30 y.o. M PMHx hyperthyrodism, who presents c/o b/l leg weakness since this AM. Pt states he awoke with the symptoms and was unable to stand. Feels that his weakness is located in his thighs. Had similar episode 4 days ago, went to OSH and symptoms had resolved. Denies numbness, other neuro complaints, changes in bowel or bladder, trauma, history IVDU or CA, pain, fever, N, V, SOB.
meds: propylthiouracil, propanolol
Exam is significant for 1/5 strength to BL proximal LE, with 5/5 strength distally. Sensation grossly intact. Somewhat hyporeflexic to lower extremities.
What tests would you order? What could be in the differential?
BMP with K of 2.5
TSH low at 0.02
elevated free T4 at 3.69, T4 at 17.08 and T3 at 260.37
After ensuring that other diagnoses (cauda equina, epidural abscess, stroke, MG, etc.) are ruled out, given the above lab results one may entertain the possibility of periodic paralysis (PP). This patient had thyrotoxic PP.
– most common type of periodic paralysis is hypokalemic periodic paralysis. This should be differentiated from thyrotoxic PP (send labs).

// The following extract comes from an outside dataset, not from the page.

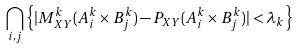Convert formula to latex. <formula><loc_0><loc_0><loc_500><loc_500>\bigcap _ { i , j } \left \{ | M ^ { k } _ { X Y } ( A ^ { k } _ { i } \times B ^ { k } _ { j } ) - P _ { X Y } ( A ^ { k } _ { i } \times B ^ { k } _ { j } ) | < \lambda _ { k } \right \}</formula> 
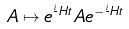Convert formula to latex. <formula><loc_0><loc_0><loc_500><loc_500>A \mapsto e ^ { \frac { i } { } H t } A e ^ { - \frac { i } { } H t }</formula>

Less common is hyperkalemic PP.
– hypokalemic PP is a neuromuscular disorder (AD), defect in muscle ion channel
– episodes of painless muscular weakness
– usually affects proximal > distal, legs > arms, with hyporeflexia
– consciousness is preserved
– typically lasts several hours, but can be minutes to days
– may be precipitated by exercise, fasting, high-carb meals
– these activities release of epi or insulin -> K into cells
– K is normal between attacks (mean K 2.4 during attacks)
– replete gradually (10-30 meq/hr PO) and follow K, as there is potential for rebound hyperkalemia. Also, keep pt on monitor
– thyrotoxic PP can happen from any etiology of hyperthyroidism including meds
– may have mild myalgias. May have respiratory or bulbar weakness. May have fatal dysrhythmias.